New passenger car sales dropped by 8.3% y/y (wda) in July, down to 21,816 units, according to figures of the SDA, the car importers’ association. While there were was a slight increase in non-adjusted terms (up 0.8% y/y), the number of working days was two more this year than in 2018. In January-July, passenger car sales fell by 9.1% y/y, reflecting much worse performance earlier this year. There is a strong base effect in play and there will be an even stronger one in August, as sales in July and August 2018 strengthened, in anticipation of the new environmental testing standards that kicked off in September 2018. Respectively, it will lead to strong growth rates from September onward, as sales in H2 2018 fell visibly after the new standards were introduced, as car makers needed some time to adapt.

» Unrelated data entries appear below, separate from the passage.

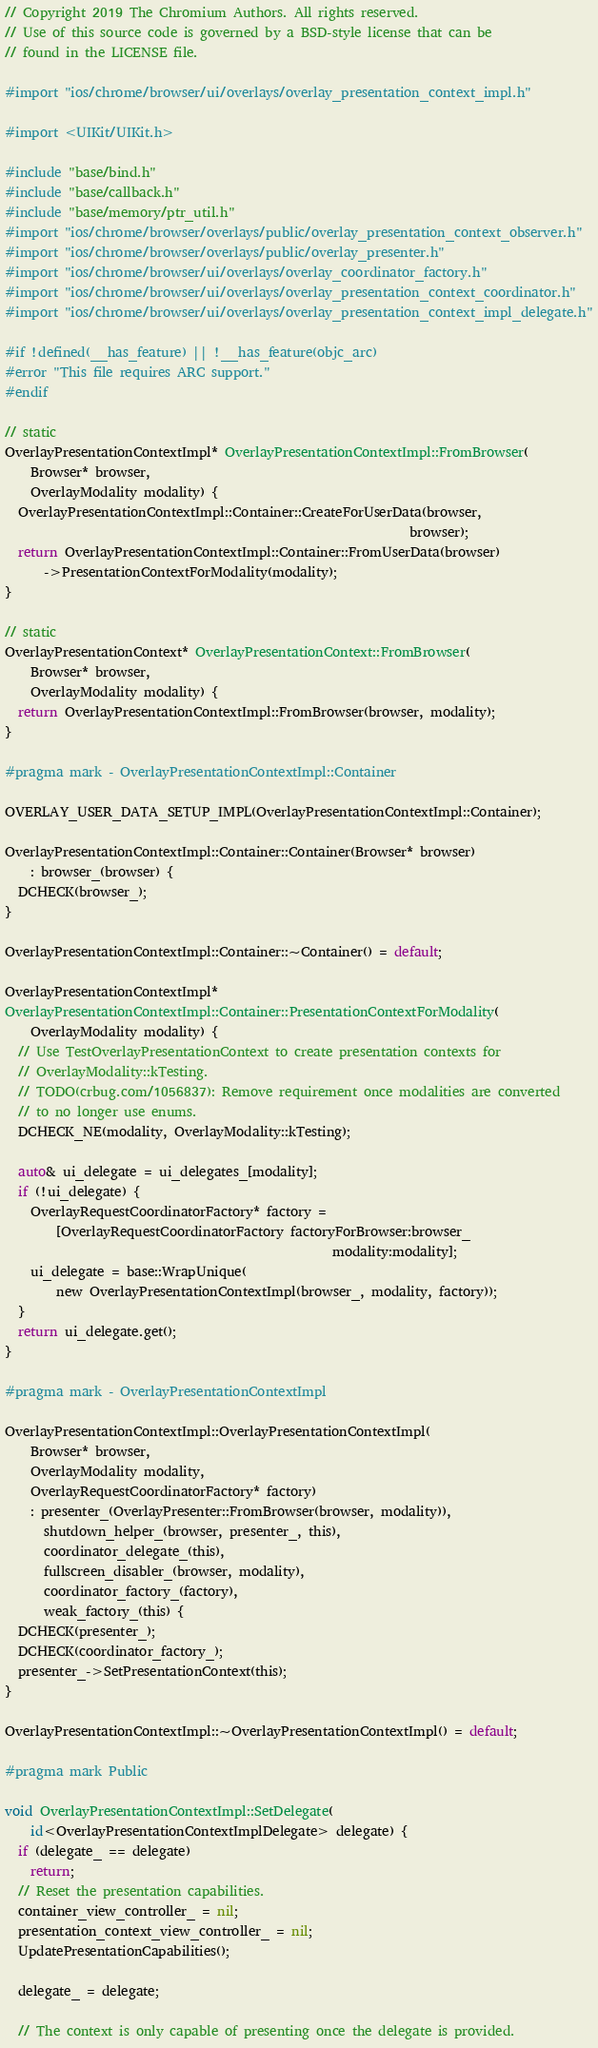Convert code to text. <code><loc_0><loc_0><loc_500><loc_500><_ObjectiveC_>// Copyright 2019 The Chromium Authors. All rights reserved.
// Use of this source code is governed by a BSD-style license that can be
// found in the LICENSE file.

#import "ios/chrome/browser/ui/overlays/overlay_presentation_context_impl.h"

#import <UIKit/UIKit.h>

#include "base/bind.h"
#include "base/callback.h"
#include "base/memory/ptr_util.h"
#import "ios/chrome/browser/overlays/public/overlay_presentation_context_observer.h"
#import "ios/chrome/browser/overlays/public/overlay_presenter.h"
#import "ios/chrome/browser/ui/overlays/overlay_coordinator_factory.h"
#import "ios/chrome/browser/ui/overlays/overlay_presentation_context_coordinator.h"
#import "ios/chrome/browser/ui/overlays/overlay_presentation_context_impl_delegate.h"

#if !defined(__has_feature) || !__has_feature(objc_arc)
#error "This file requires ARC support."
#endif

// static
OverlayPresentationContextImpl* OverlayPresentationContextImpl::FromBrowser(
    Browser* browser,
    OverlayModality modality) {
  OverlayPresentationContextImpl::Container::CreateForUserData(browser,
                                                               browser);
  return OverlayPresentationContextImpl::Container::FromUserData(browser)
      ->PresentationContextForModality(modality);
}

// static
OverlayPresentationContext* OverlayPresentationContext::FromBrowser(
    Browser* browser,
    OverlayModality modality) {
  return OverlayPresentationContextImpl::FromBrowser(browser, modality);
}

#pragma mark - OverlayPresentationContextImpl::Container

OVERLAY_USER_DATA_SETUP_IMPL(OverlayPresentationContextImpl::Container);

OverlayPresentationContextImpl::Container::Container(Browser* browser)
    : browser_(browser) {
  DCHECK(browser_);
}

OverlayPresentationContextImpl::Container::~Container() = default;

OverlayPresentationContextImpl*
OverlayPresentationContextImpl::Container::PresentationContextForModality(
    OverlayModality modality) {
  // Use TestOverlayPresentationContext to create presentation contexts for
  // OverlayModality::kTesting.
  // TODO(crbug.com/1056837): Remove requirement once modalities are converted
  // to no longer use enums.
  DCHECK_NE(modality, OverlayModality::kTesting);

  auto& ui_delegate = ui_delegates_[modality];
  if (!ui_delegate) {
    OverlayRequestCoordinatorFactory* factory =
        [OverlayRequestCoordinatorFactory factoryForBrowser:browser_
                                                   modality:modality];
    ui_delegate = base::WrapUnique(
        new OverlayPresentationContextImpl(browser_, modality, factory));
  }
  return ui_delegate.get();
}

#pragma mark - OverlayPresentationContextImpl

OverlayPresentationContextImpl::OverlayPresentationContextImpl(
    Browser* browser,
    OverlayModality modality,
    OverlayRequestCoordinatorFactory* factory)
    : presenter_(OverlayPresenter::FromBrowser(browser, modality)),
      shutdown_helper_(browser, presenter_, this),
      coordinator_delegate_(this),
      fullscreen_disabler_(browser, modality),
      coordinator_factory_(factory),
      weak_factory_(this) {
  DCHECK(presenter_);
  DCHECK(coordinator_factory_);
  presenter_->SetPresentationContext(this);
}

OverlayPresentationContextImpl::~OverlayPresentationContextImpl() = default;

#pragma mark Public

void OverlayPresentationContextImpl::SetDelegate(
    id<OverlayPresentationContextImplDelegate> delegate) {
  if (delegate_ == delegate)
    return;
  // Reset the presentation capabilities.
  container_view_controller_ = nil;
  presentation_context_view_controller_ = nil;
  UpdatePresentationCapabilities();

  delegate_ = delegate;

  // The context is only capable of presenting once the delegate is provided.</code> 
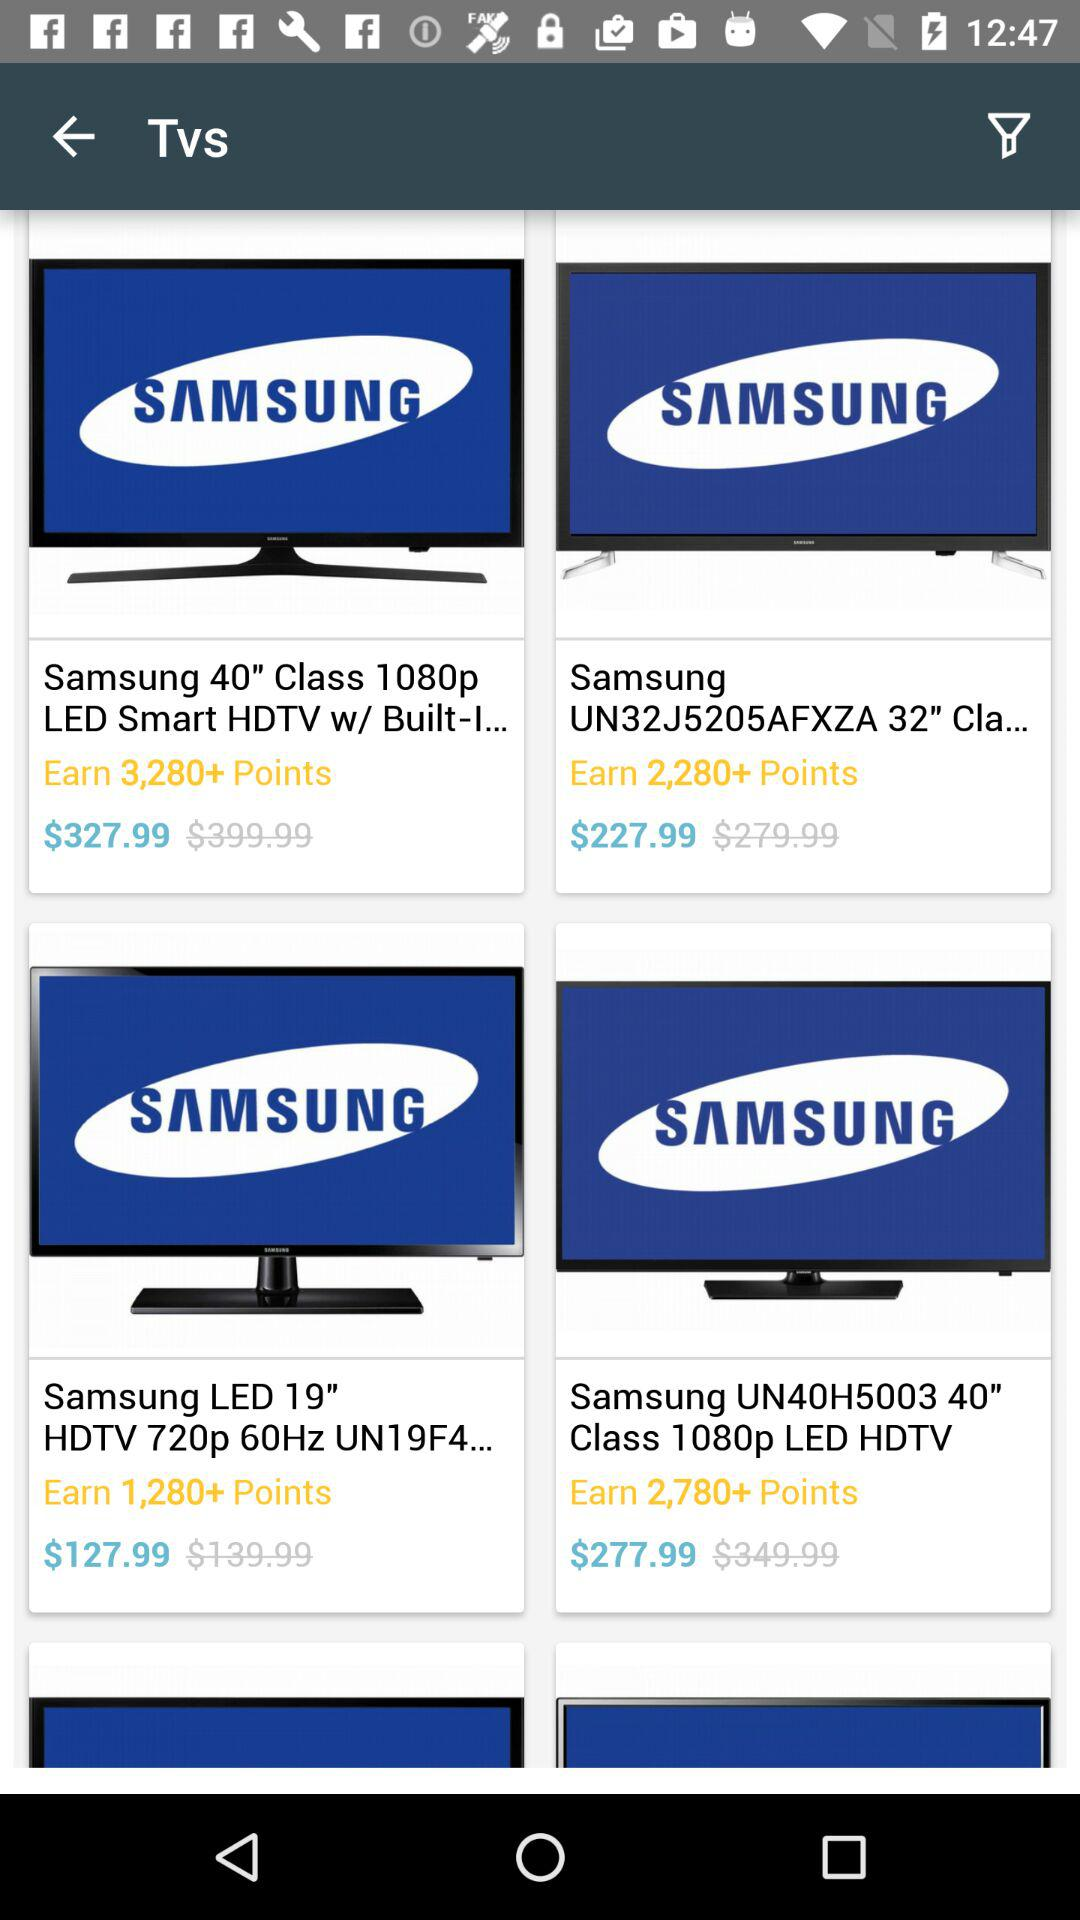What is the price of the Samsung LED 19" HDTV 720p 60Hz? The price of the Samsung LED 19" HDTV 720p 60Hz is $127.99. 
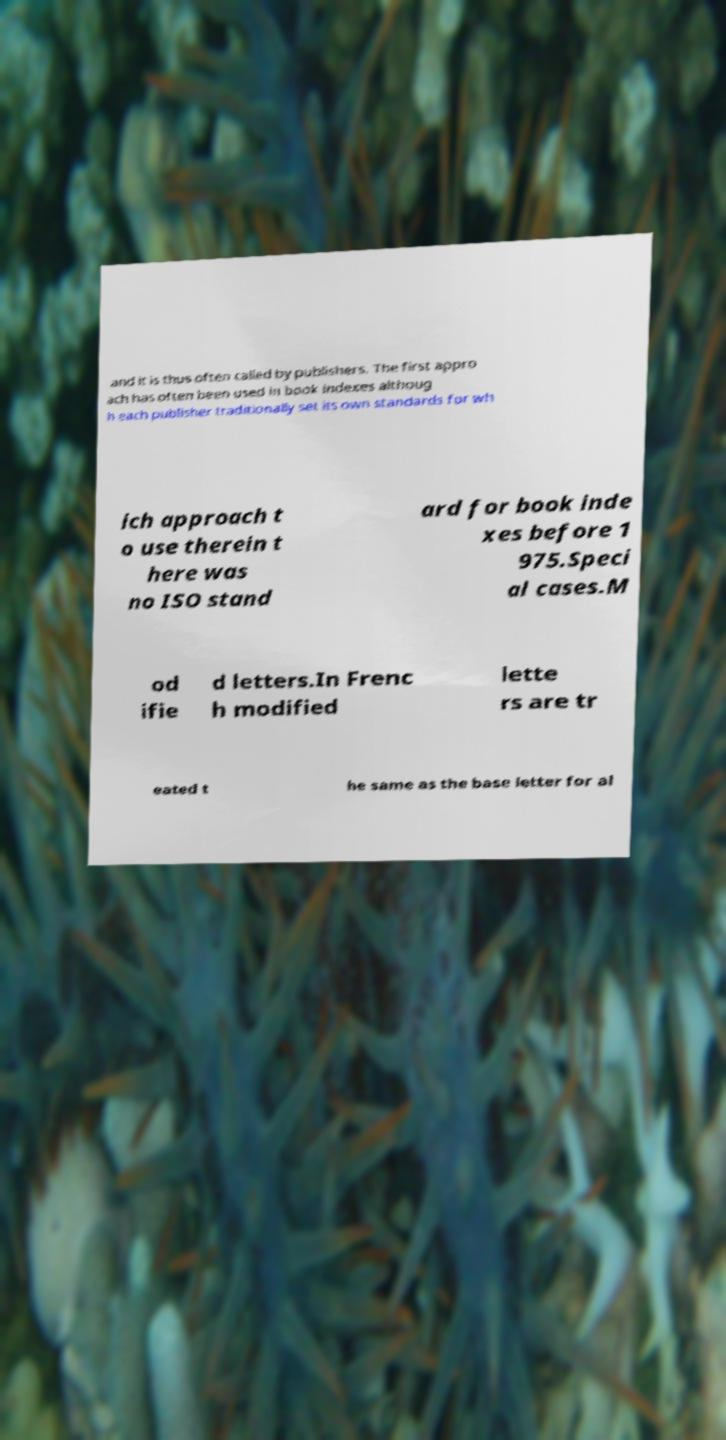For documentation purposes, I need the text within this image transcribed. Could you provide that? and it is thus often called by publishers. The first appro ach has often been used in book indexes althoug h each publisher traditionally set its own standards for wh ich approach t o use therein t here was no ISO stand ard for book inde xes before 1 975.Speci al cases.M od ifie d letters.In Frenc h modified lette rs are tr eated t he same as the base letter for al

Skoda traditionally outperformed the market, as it saw a jump of 15.1% y/y in July sales, even though it saw a 2.6% y/y decline in January-July. Still, Skoda remains the undisputed market leader, accounting for 34% of the new car market in January-July. Speaking of new cars, used car sales performed better yet again, rising by 2.6% y/y (wda) in July and falling by only 0.5% y/y in January-July. With an uncertain economy outlook, it is not surprising that sales move towards used cars, which represent a visibly lower investment.
There was a slight rearrangement in sales by type of fuel, as diesel cars performed better than petrol ones for the first time in years, seeing a 6.6% y/y drop in July, compared to 9.1% y/y for petrol ones. Petrol car sales are still in the lead, as they had a 70.2% market share in January-July, higher by 4.2pps y/y, while diesel cars reported a market share at 27.2%, lower by 3.9pps y/y. Yet, there are also some base effects in play, as there was a big adjustment last year due to the new testing standards.
Total vehicle sales fell by 3.1% y/y in July, down to 51,930 units, out of which new vehicle sales fell by 7.1% y/y, while used vehicle sales saw an increase of 3.3% y/y. In January-July, total vehicles fell by 2.7% y/y, with new vehicle sales falling by 4.4% y/y. The overall impression from the market is that demand will be falling further, though a low base will boost growth in later months. Even with that in hand, the odds are that annual sales will decline this year, leaving 2018 as the record high.